Step 3: Furthermore, the complex grade similarity ${\nu }_{R,T_l}$ is obtained by summing the grade similarity of each of the Fourier cosine coefficients ${\nu }_{R,T_l}\left(n\right)\forall n\left(1\le n\le N\right)$, in which either $Q_{l,n}$ or $Q_{R,n}$ must be larger than the $Q_{Threshold}$. This $Q_{Threshold}$ is used to prevent ${\nu }_{R,T_l}$ from the Fourier cosine coefficients with small amplitudes in $T_l$ and R. Next, the sum of the complex grade similarity is divided by the number of coefficients $\left(m\right)$. The considered coefficients of $Q_{l,n}$ and $Q_{R,n}$ must have greater amplitudes compared with the $Q_{Threshold}$ and, consequently, map the amplitude of ${\nu }_{R,T_l}$ in the range of [0, 1] subject to

$${\nu }_{R,T_l}=\frac{{\sum }_M{\nu }_{R,T_l}\left(n\right)}{m};$$

(12)

where

$$M=\left\{n\right|Q_{l,n}or{Q}_{R,n}>Q_{Threshold}\}$$

and the number of elements in $Misdenotedbym.$

Hence, the sum of ${\nu }_{R,T_l}$ given in Equation (12) is totally dependent on the phase term of ${\nu }_{R,T_l}$. The phase term is an important factor to determine whether the grade of similarity increase or decreases among $C_{l,n}^{\prime }s$ and $C_{R,n}^{\prime }s$. This issue of phase has been reduced in our proposed methodology as we are taking Fourier cosine transformation, due to which only one factor will affect the phase term.
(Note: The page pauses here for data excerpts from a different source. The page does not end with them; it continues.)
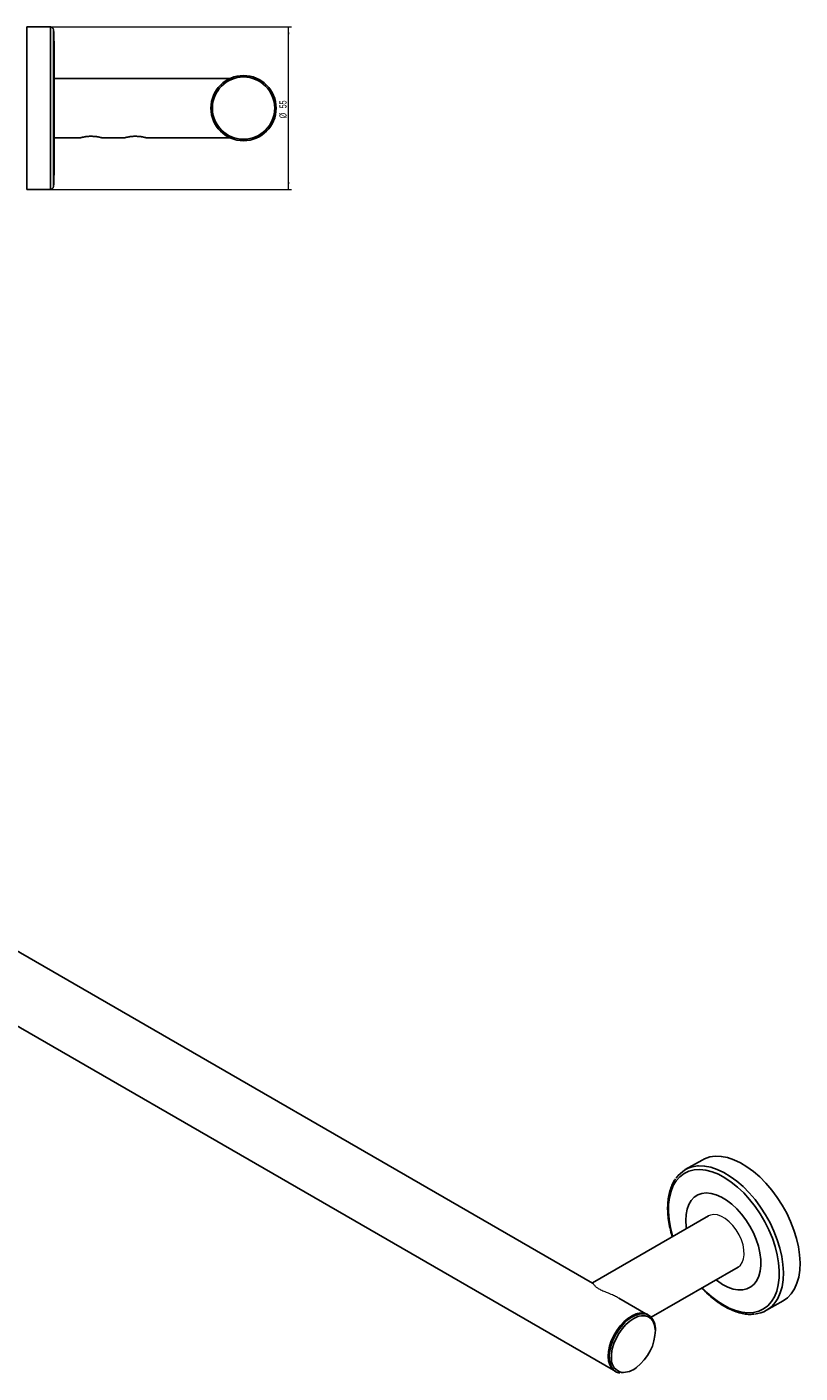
# Model space of a CAD drawing. Header units: millimetres. Extents: x -797 to 393, y -45 to 419.
# Tile 4 of 4: x 132 to 393, y -45 to 411. Entities that reach past the tile are written whole.
import ezdxf

# ---------------------------------------------------------------- set-up
doc = ezdxf.new("R2010")
doc.units = ezdxf.units.MM
doc.styles.add('SLDTEXTSTYLE0', font='TXT', dxfattribs={"width": 0.605})
doc.dimstyles.new('SLDDIMSTYLE0', dxfattribs={"dimtxt": 2.311487, "dimasz": 2.5, "dimexe": 0, "dimexo": 0.0625, "dimgap": 0.577872, "dimtad": 1, "dimrnd": 1e-09, "dimzin": 12, "dimdsep": 46, "dimtxsty": 'SLDTEXTSTYLE0', "dimsah": 1, "dimcen": 0.09, "dimadec": 0, "dimazin": 3, "dimtfac": 1, "dimtofl": 0, "dimtmove": 0, "dimatfit": 3, "dimfxl": 1, "dimfrac": 2, "dimtolj": 1, "dimtzin": 12, "dimarcsym": 0})

# ---------------------------------------------------------------- blocks, each defined once
blk = doc.blocks.new('_D_1')
at = {"color": 7, "linetype": 'Continuous', "lineweight": 18}
for p, q in [((132.7, 411.28), (221.27, 411.28)), ((220.27, 356.28), (220.27, 411.28)), ((132.7, 356.28), (221.27, 356.28))]:
    blk.add_line(p, q, dxfattribs=at)
for points in [[(220.27, 411.28), (219.96, 408.78), (220.58, 408.78)], [(220.27, 356.28), (220.58, 358.78), (219.96, 358.78)]]:
    blk.add_solid(points, dxfattribs=at)
at = {"color": 7, "linetype": 'Continuous', "lineweight": 18, "char_height": 2.381, "attachment_point": 1, "rotation": 90, "style": 'SLDTEXTSTYLE0'}
for s, insert in [('55', (217.2, 383.7)), ('%%c', (217.2, 380.33))]:
    blk.add_mtext(s, dxfattribs=dict(at, insert=insert))

msp = doc.modelspace()

# ---------------------------------------------------------------- linework, layer by layer
at = {"color": 7, "linetype": 'Continuous', "lineweight": 25}
for p, q in [((139.7, 411.282), (131.7, 411.282)), ((131.7, 411.282), (131.7, 356.287)), ((140.95, 401.782), (140.95, 365.785)), ((200.331, 393.782), (140.95, 393.782)), ((140.95, 373.782), (149.958, 373.782)), ((156.941, 373.782), (164.958, 373.782)), ((171.941, 373.782), (200.331, 373.782)), ((140.95, 365.785), (140.95, 365.782)), ((131.7, 356.287), (131.7, 356.282)), ((131.7, 356.282), (139.7, 356.282)), ((323.234, -14.039), (-52.545, 202.894)), ((-82.13, 194.57), (330.296, -43.518)), ((360.283, 27.621), (354.626, 24.355)), ((362.492, 8.689), (323.178, -14.006)), ((343.065, -25.619), (372.491, -8.632)), ((341.295, -24.465), (332.121, -19.169)), ((382.124, -23.278), (387.781, -20.012)), ((342.198, -24.929), (341.845, -24.725)), ((330.796, -43.864), (331.149, -44.068))]:
    msp.add_line(p, q, dxfattribs=at)
at = {"color": 8, "linetype": 'Continuous', "lineweight": 25}
for p, q in [((139.7, 411.282), (139.7, 356.287)), ((140.698, 410.341), (140.698, 357.228)), ((139.7, 356.287), (139.7, 356.282)), ((140.698, 357.228), (140.698, 357.223))]:
    msp.add_line(p, q, dxfattribs=at)
at = {"color": 7, "linetype": 'Continuous', "lineweight": 25, "flags": 128}
for points in [[(387.781, -20.012), (389.213, -18.992), (390.499, -17.645), (391.571, -16.018), (392.414, -14.133), (393.017, -12.013), (393.373, -9.688), (393.476, -7.187), (393.327, -4.542), (392.925, -1.789), (392.278, 1.037), (391.392, 3.899), (390.28, 6.761), (388.956, 9.583), (387.438, 12.33), (385.745, 14.966), (383.9, 17.457), (381.925, 19.769), (379.848, 21.874), (377.695, 23.743), (375.494, 25.351), (373.274, 26.679), (371.064, 27.709), (368.893, 28.427), (366.789, 28.825), (364.779, 28.896), (362.89, 28.639), (361.146, 28.06), (360.283, 27.621)], [(330.796, -43.864), (330.491, -43.668), (329.655, -42.851), (329.034, -41.76), (328.647, -40.429), (328.507, -38.9), (328.618, -37.224), (328.976, -35.453), (329.571, -33.645), (330.382, -31.858), (331.384, -30.149), (332.545, -28.574), (333.827, -27.182), (335.19, -26.019), (336.588, -25.122), (337.978, -24.52), (339.315, -24.232), (340.556, -24.267)], [(339.006, -25.254), (338.533, -25.396), (337.165, -26.01), (335.792, -26.92), (334.461, -28.095), (333.218, -29.495), (332.104, -31.072), (331.158, -32.773), (330.412, -34.54), (329.891, -36.312), (329.613, -38.03), (329.588, -39.634), (329.617, -39.975)], [(340.556, -24.267), (341.66, -24.625), (341.845, -24.725)], [(332.438, -44.526), (331.334, -44.168), (331.149, -44.068)]]:
    msp.add_lwpolyline(points, dxfattribs=at)
at = {"color": 8, "linetype": 'Continuous', "lineweight": 25, "flags": 128}
for points in [[(367.329, -21.355), (369.511, -22.514), (371.668, -23.366), (373.771, -23.901), (375.792, -24.111), (377.703, -23.993), (379.478, -23.549), (381.093, -22.784), (382.527, -21.71), (383.76, -20.34), (384.775, -18.693), (385.56, -16.792), (386.102, -14.662), (386.394, -12.332), (386.434, -9.834), (386.22, -7.2), (385.755, -4.468), (385.045, -1.673), (384.101, 1.146), (382.934, 3.951), (381.561, 6.705), (380, 9.37), (378.272, 11.91), (376.401, 14.29), (374.411, 16.479), (372.331, 18.447), (370.188, 20.168), (368.01, 21.617), (365.828, 22.776), (363.671, 23.629), (361.567, 24.163), (359.547, 24.373), (357.636, 24.255), (355.861, 23.811), (354.245, 23.046), (352.811, 21.972), (351.578, 20.602), (350.563, 18.956), (349.779, 17.054), (349.237, 14.924), (348.944, 12.594), (348.904, 10.096), (349.119, 7.462), (349.584, 4.73), (350.293, 1.935), (350.367, 1.689)], [(385.277, -20.323), (385.914, -19.283), (386.757, -17.398), (387.36, -15.279), (387.716, -12.954), (387.82, -10.452), (387.67, -7.808), (387.268, -5.055), (386.621, -2.228), (385.735, 0.634), (384.623, 3.495), (383.3, 6.317), (381.781, 9.065), (380.088, 11.701), (378.243, 14.191), (376.268, 16.504), (374.191, 18.608), (372.038, 20.477), (369.837, 22.086), (367.617, 23.414), (365.407, 24.444), (363.236, 25.162), (361.132, 25.559), (359.122, 25.63), (358.742, 25.606)], [(367.26, -14.534), (369.034, -15.452), (370.777, -16.068), (372.456, -16.371), (374.039, -16.355), (375.494, -16.02), (376.794, -15.373), (377.912, -14.426), (378.828, -13.198), (379.523, -11.712), (379.984, -9.998), (380.201, -8.088), (380.172, -6.021), (379.895, -3.836), (379.377, -1.575), (378.628, 0.716), (377.662, 2.994), (376.497, 5.215), (375.158, 7.334), (373.67, 9.312), (372.061, 11.108), (370.363, 12.689), (368.609, 14.024), (366.834, 15.086), (365.071, 15.855), (363.356, 16.316), (361.721, 16.46), (360.198, 16.284), (358.817, 15.792), (357.605, 14.993), (356.586, 13.902), (355.779, 12.542), (355.199, 10.938), (354.859, 9.122), (354.765, 7.129), (354.919, 4.997), (355.008, 4.368)], [(365.007, -12.953), (365.492, -13.332), (367.26, -14.534)], [(331.149, -44.068), (330.401, -43.5), (329.67, -42.542), (329.164, -41.326), (328.899, -39.89), (328.885, -38.281), (329.12, -36.551), (329.599, -34.754), (330.304, -32.95), (331.215, -31.195), (332.301, -29.546), (333.527, -28.056), (334.855, -26.774), (336.241, -25.74), (337.641, -24.987), (339.01, -24.54), (340.303, -24.413), (341.481, -24.61), (342.198, -24.929)], [(344.48, -30.013), (344.467, -29.772), (344.239, -28.336), (343.765, -27.116), (343.063, -26.155), (342.154, -25.485), (341.071, -25.129), (339.85, -25.099), (339.006, -25.254)]]:
    msp.add_lwpolyline(points, dxfattribs=at)
at = {"color": 144, "linetype": 'Continuous', "lineweight": 18, "flags": 128}
for points in [[(372.491, -8.632), (373.251, -8.033), (373.923, -7.077), (374.363, -5.864), (374.554, -4.438), (374.49, -2.85), (374.173, -1.159), (373.615, 0.576), (372.835, 2.291), (371.862, 3.923), (370.731, 5.416), (369.483, 6.713), (368.163, 7.769), (366.819, 8.545), (365.499, 9.013), (364.251, 9.157), (363.12, 8.97), (362.492, 8.689)], [(330.821, -43.821), (330.698, -43.747), (329.829, -42.99), (329.168, -41.954), (328.737, -40.671), (328.55, -39.183), (328.612, -37.538), (328.923, -35.789), (329.471, -33.992), (330.239, -32.205), (331.203, -30.485), (332.331, -28.887), (333.587, -27.463), (334.931, -26.259), (336.32, -25.313)]]:
    msp.add_lwpolyline(points, dxfattribs=at)
at = {"color": 7, "linetype": 'Continuous', "lineweight": 25}
for radius in [11.05, 10.55]:
    msp.add_circle((205.032, 383.782), radius, dxfattribs=at)
for centre, radius, start, end in [((139.7, 410.282), 1, 3.36937, 90), ((-4.675, 401.782), 145.625, 0, 3.36937), ((-4.675, 365.782), 145.625, 356.63063, 0), ((139.7, 357.282), 1, 270, 356.63063), ((359.417, 16.057), 9.572, 94.04709, 145.59349), ((377.3, -14.921), 9.633, 274.4962, 325.89275), ((338.758, -29.553), 5.763, 353.59459, 53.34775), ((328.286, -29.724), 16.196, 307.26516, 358.97913)]:
    msp.add_arc(centre, radius, start, end, dxfattribs=at)
at = {"color": 8, "linetype": 'Continuous', "lineweight": 25}
for centre, radius, start, end in [((384.817, 7.018), 33.33, 222.81046, 238.35206), ((334.007, -40.008), 4.39, 179.57218, 256.52349), ((333.523, -37.252), 7.045, 265.60676, 310.44211)]:
    msp.add_arc(centre, radius, start, end, dxfattribs=at)
at = {"color": 144, "linetype": 'Continuous', "lineweight": 18}
msp.add_arc((339.522, -29.609), 5.358, 64.61126, 126.6992, dxfattribs=at)
at = {"color": 7, "linetype": 'Continuous', "lineweight": 25}
for points, knots in [([(151.132, 374.042), (151.011, 374.019), (150.767, 373.974), (150.448, 373.904), (150.177, 373.84), (150.012, 373.798), (149.943, 373.78), (149.956, 373.784), (149.958, 373.784)], [0, 0, 0, 0, 0.1789059, 0.3616326, 0.56638, 0.7792781, 0.9534872, 1, 1, 1, 1]), ([(156.941, 373.784), (156.942, 373.784), (156.945, 373.783), (156.868, 373.803), (156.724, 373.839), (156.514, 373.889), (156.242, 373.95), (155.897, 374.02), (155.483, 374.092), (154.992, 374.162), (154.439, 374.218), (153.833, 374.251), (153.201, 374.255), (152.569, 374.226), (151.956, 374.168), (151.479, 374.102), (151.218, 374.057), (151.132, 374.042)], [0, 0, 0, 0, 0.0323885, 0.0913414, 0.1464417, 0.2028976, 0.2630937, 0.3246165, 0.3939688, 0.464905, 0.5430872, 0.6233142, 0.7055076, 0.7900572, 0.8726861, 0.957785, 1, 1, 1, 1]), ([(166.132, 374.042), (166.011, 374.019), (165.767, 373.974), (165.448, 373.904), (165.177, 373.84), (165.012, 373.798), (164.943, 373.78), (164.956, 373.784), (164.958, 373.784)], [0, 0, 0, 0, 0.1789059, 0.3616326, 0.56638, 0.7792781, 0.9534872, 1, 1, 1, 1]), ([(171.941, 373.784), (171.942, 373.784), (171.945, 373.783), (171.868, 373.803), (171.724, 373.839), (171.514, 373.889), (171.242, 373.95), (170.897, 374.02), (170.483, 374.092), (169.992, 374.162), (169.439, 374.218), (168.833, 374.251), (168.201, 374.255), (167.569, 374.226), (166.956, 374.168), (166.479, 374.102), (166.218, 374.057), (166.132, 374.042)], [0, 0, 0, 0, 0.0323885, 0.0913414, 0.1464417, 0.2028976, 0.2630937, 0.3246165, 0.3939688, 0.464905, 0.5430872, 0.6233142, 0.7055076, 0.7900572, 0.8726861, 0.957785, 1, 1, 1, 1]), ([(351.334, 21.253), (351.22, 21.106), (350.728, 20.469), (350.065, 19.112), (349.358, 17.198), (348.886, 15.071), (348.637, 12.779), (348.619, 10.342), (348.827, 7.795), (349.274, 5.165), (349.748, 3.091), (350.139, 1.902), (350.234, 1.613)], [0, 0, 0, 0, 0.03441, 0.1482933, 0.2632544, 0.3791176, 0.4955646, 0.6122976, 0.7290971, 0.8458395, 0.9624915, 1, 1, 1, 1]), ([(360.231, -15.709), (360.698, -16.208), (361.806, -17.392), (363.653, -19.029), (365.624, -20.565), (366.925, -21.383), (367.522, -21.758)], [0, 0, 0, 0, 0.2029943, 0.4826632, 0.762652, 1, 1, 1, 1]), ([(367.522, -21.758), (367.895, -21.974), (368.975, -22.598), (370.766, -23.429), (372.874, -24.153), (374.931, -24.565), (376.576, -24.71), (377.491, -24.605), (377.776, -24.572)], [0, 0, 0, 0, 0.1059978, 0.3071521, 0.5084602, 0.7094487, 0.909582, 1, 1, 1, 1])]:
    msp.add_open_spline(points, degree=3, knots=knots, dxfattribs=at)
at = {"color": 144, "linetype": 'Continuous', "lineweight": 18}
msp.add_open_spline([(332.043, -19.141), (331.923, -19.067), (331.381, -18.734), (330.529, -18.335), (329.486, -17.867), (328.678, -17.534), (327.598, -17.099), (326.62, -16.704), (325.739, -16.278), (325.209, -15.979), (324.766, -15.676), (324.378, -15.357), (324.094, -15.071), (323.85, -14.79), (323.674, -14.564), (323.529, -14.368), (323.4, -14.198), (323.283, -14.065), (323.195, -14.008), (323.152, -14.027), (323.137, -14.034)], degree=3, knots=[0, 0, 0, 0, 0.0268133, 0.1206642, 0.1733973, 0.2375125, 0.2805332, 0.3873946, 0.431684, 0.4772233, 0.5215351, 0.5669541, 0.6256056, 0.6653029, 0.7255274, 0.7719184, 0.8185574, 0.8892015, 0.9610121, 1, 1, 1, 1], dxfattribs=at)

# ---------------------------------------------------------------- dimensions: what is measured, and where the dimension line sits
at = {"color": 7, "linetype": 'Continuous', "lineweight": 18}
dim = msp.add_linear_dim(base=(220.274, 411.282), p1=(131.7, 356.282), p2=(131.7, 411.282), angle=90, text='%%c<>', dimstyle='SLDDIMSTYLE0', dxfattribs=at)
dim.commit()
dim.dimension.update_dxf_attribs({"geometry": '_D_1', "text_midpoint": (220.274, 383.782), "dimtype": 160})

doc.saveas('drawing.dxf')

Thus, the amplitude of ${\nu }_{R,T_l}$, which is used to determine $T_l$ to R, is subject to the following conditions:

(1)

The identified signal $T_l$ w.r.t R must be close to 1.

(2)

The normalized amplitudes of the Fourier coefficients of $T_l$ and R are similar.

(3)

The relative phases of the Fourier coefficients of candidate and reference signals i.e., $T_l$ and R, are similar.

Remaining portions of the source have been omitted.